━━━ RECORDS SUPPLIED ━━━

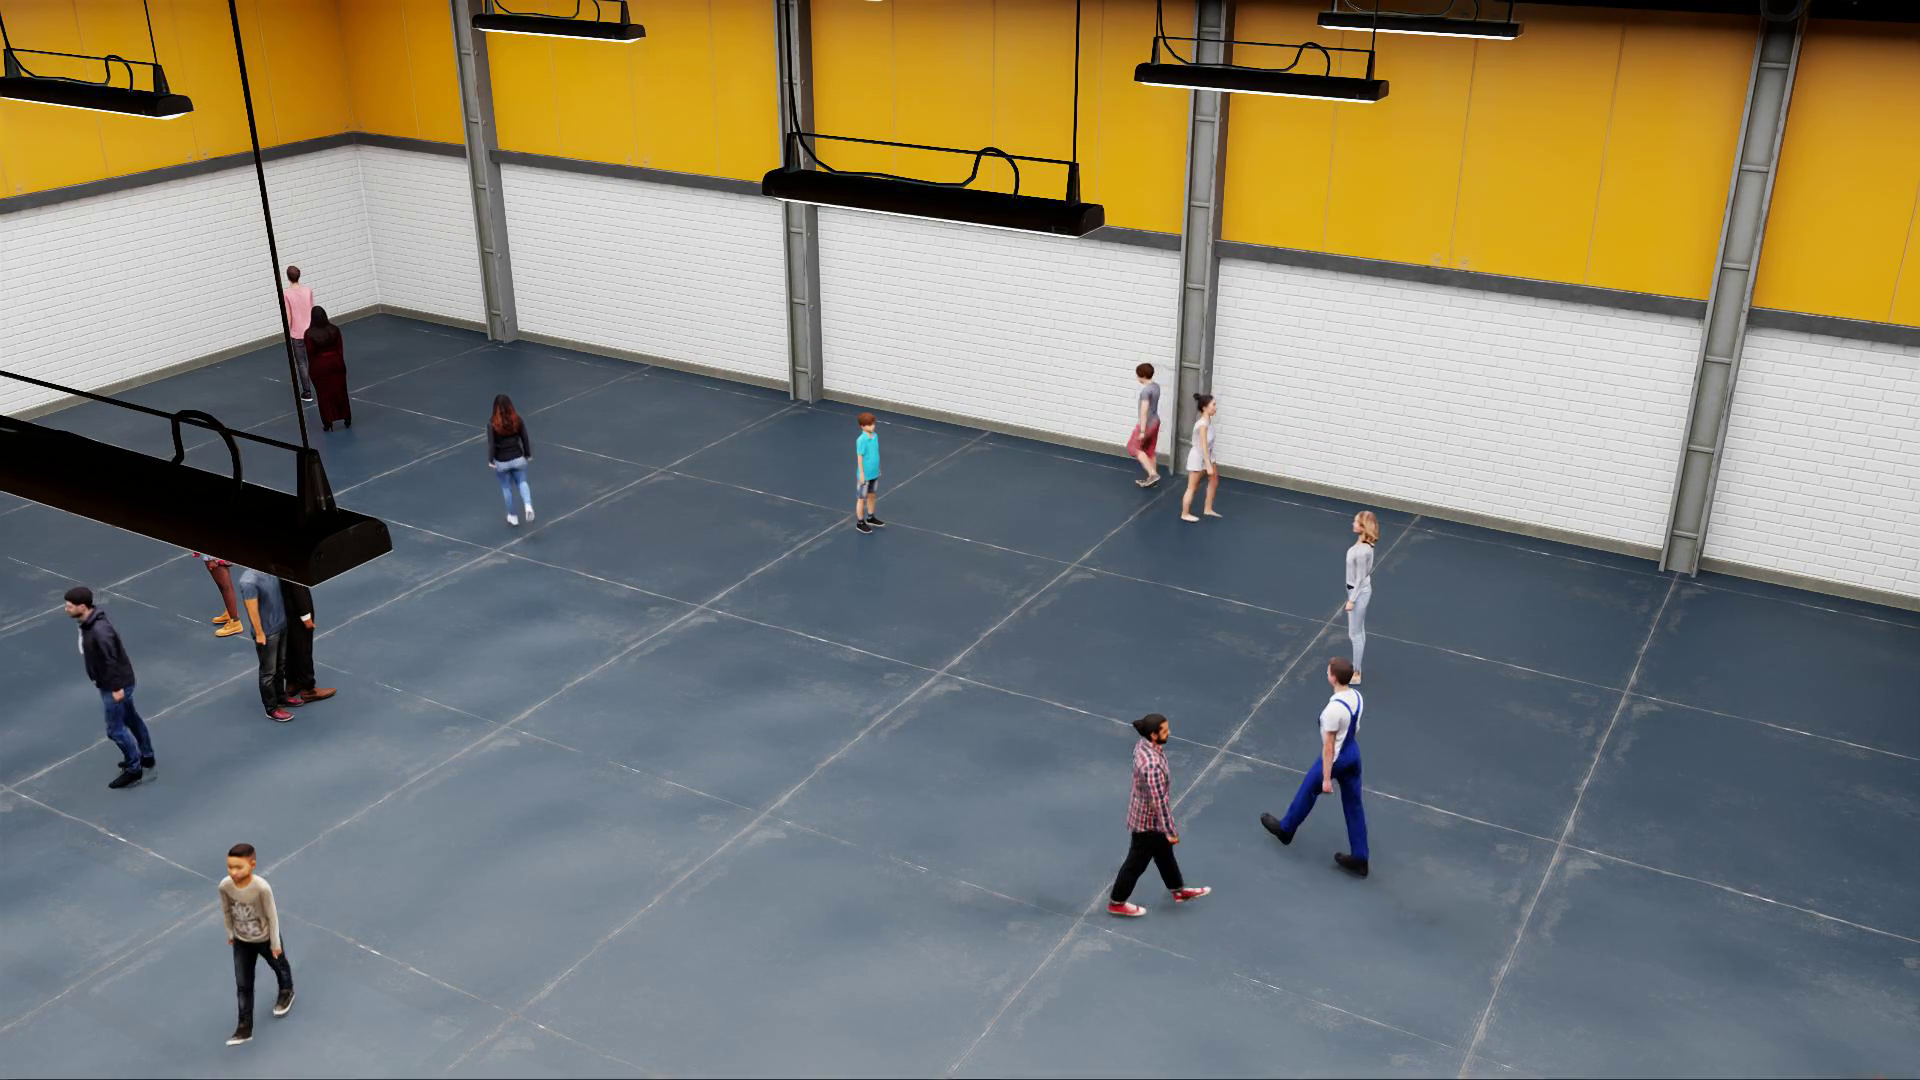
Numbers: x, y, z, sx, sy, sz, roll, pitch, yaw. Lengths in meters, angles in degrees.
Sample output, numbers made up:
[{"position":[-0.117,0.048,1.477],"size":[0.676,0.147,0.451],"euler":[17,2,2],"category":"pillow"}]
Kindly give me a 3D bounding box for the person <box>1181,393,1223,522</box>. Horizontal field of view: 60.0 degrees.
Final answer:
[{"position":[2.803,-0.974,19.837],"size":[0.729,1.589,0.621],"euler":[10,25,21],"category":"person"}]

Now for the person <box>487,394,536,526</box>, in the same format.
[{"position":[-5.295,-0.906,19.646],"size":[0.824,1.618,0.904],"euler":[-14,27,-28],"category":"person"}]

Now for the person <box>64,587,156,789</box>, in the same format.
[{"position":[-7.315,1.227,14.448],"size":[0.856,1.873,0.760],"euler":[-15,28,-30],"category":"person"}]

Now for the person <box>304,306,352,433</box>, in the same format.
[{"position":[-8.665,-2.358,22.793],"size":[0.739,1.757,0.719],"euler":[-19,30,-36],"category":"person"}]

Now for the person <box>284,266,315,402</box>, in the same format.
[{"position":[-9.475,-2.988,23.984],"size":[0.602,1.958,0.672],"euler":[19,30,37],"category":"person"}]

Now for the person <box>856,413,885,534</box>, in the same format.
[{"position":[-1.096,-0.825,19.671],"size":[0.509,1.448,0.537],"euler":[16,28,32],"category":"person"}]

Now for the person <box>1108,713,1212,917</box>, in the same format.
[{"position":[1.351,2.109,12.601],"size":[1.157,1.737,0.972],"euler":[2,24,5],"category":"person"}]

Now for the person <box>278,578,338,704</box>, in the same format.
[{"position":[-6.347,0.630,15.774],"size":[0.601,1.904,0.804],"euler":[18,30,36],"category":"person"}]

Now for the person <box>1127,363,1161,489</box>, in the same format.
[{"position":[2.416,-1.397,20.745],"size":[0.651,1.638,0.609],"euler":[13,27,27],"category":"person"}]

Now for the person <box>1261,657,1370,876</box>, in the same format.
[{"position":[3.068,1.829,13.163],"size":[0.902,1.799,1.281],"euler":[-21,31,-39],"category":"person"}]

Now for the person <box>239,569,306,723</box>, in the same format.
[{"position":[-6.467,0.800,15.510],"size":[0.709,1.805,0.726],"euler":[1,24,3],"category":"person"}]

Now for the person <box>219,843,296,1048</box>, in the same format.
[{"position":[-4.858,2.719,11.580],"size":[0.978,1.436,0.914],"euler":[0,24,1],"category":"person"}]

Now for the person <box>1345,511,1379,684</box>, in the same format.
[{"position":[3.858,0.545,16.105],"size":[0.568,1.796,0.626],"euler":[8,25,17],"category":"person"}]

━━━

WORK TO BE COMPLETED - Take the line with "Now for the person <box>1345,511,1379,684</box>, in" and every line after it in the data, and please reproduce them exactly, leaving out all other lines.

WORKED SOLUTION -
Now for the person <box>1345,511,1379,684</box>, in the same format.
[{"position":[3.858,0.545,16.105],"size":[0.568,1.796,0.626],"euler":[8,25,17],"category":"person"}]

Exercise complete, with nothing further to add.